Work to complete:
In the records below, find the line containing "Task: Click on" and transcribe it and every line after it exactly; leave the pictures out.

Dataset content:
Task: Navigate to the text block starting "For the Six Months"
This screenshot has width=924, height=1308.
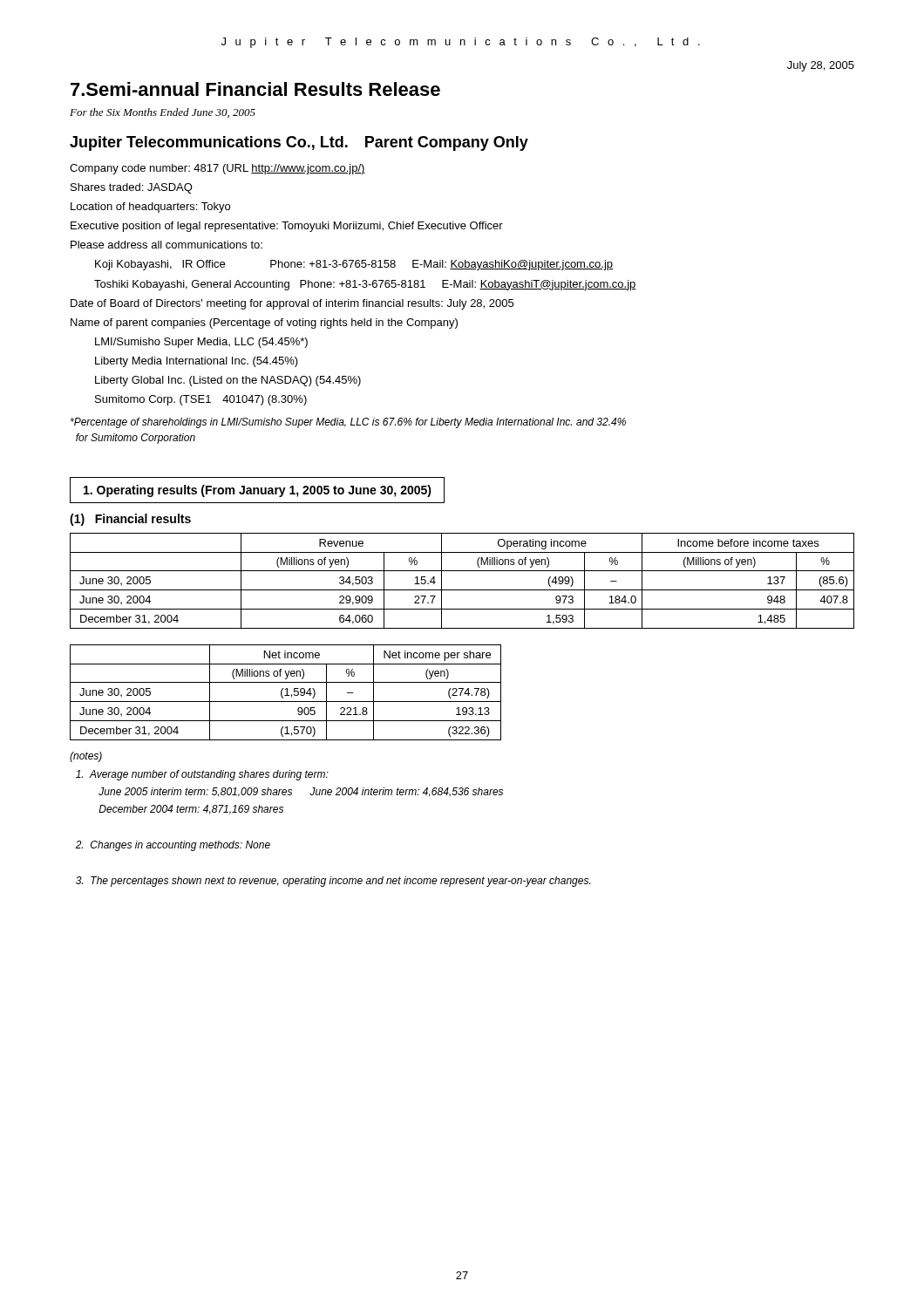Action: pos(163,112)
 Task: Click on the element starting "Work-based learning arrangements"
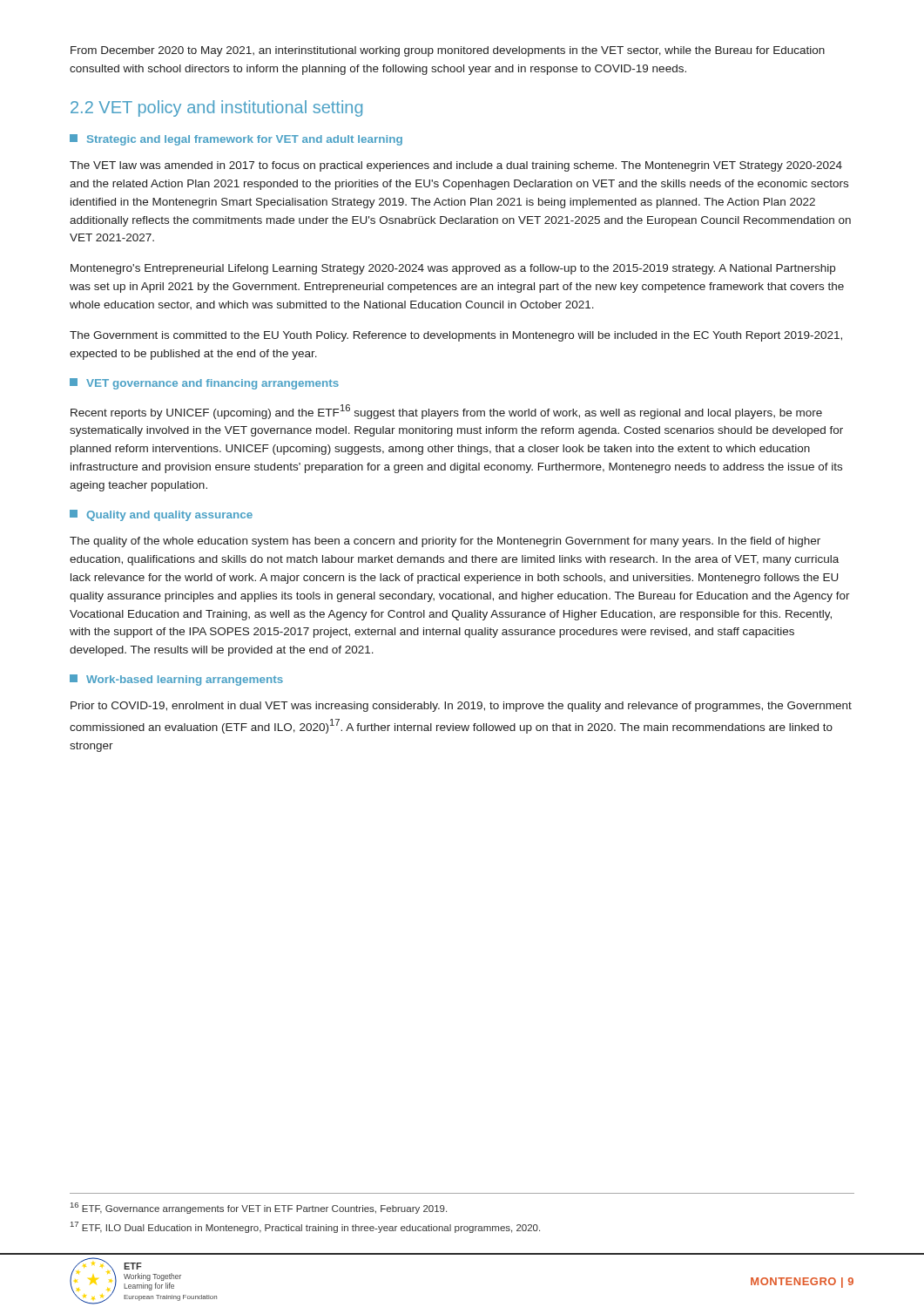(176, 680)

Response:
 Task: Click on the element starting "Work-based learning arrangements"
(176, 680)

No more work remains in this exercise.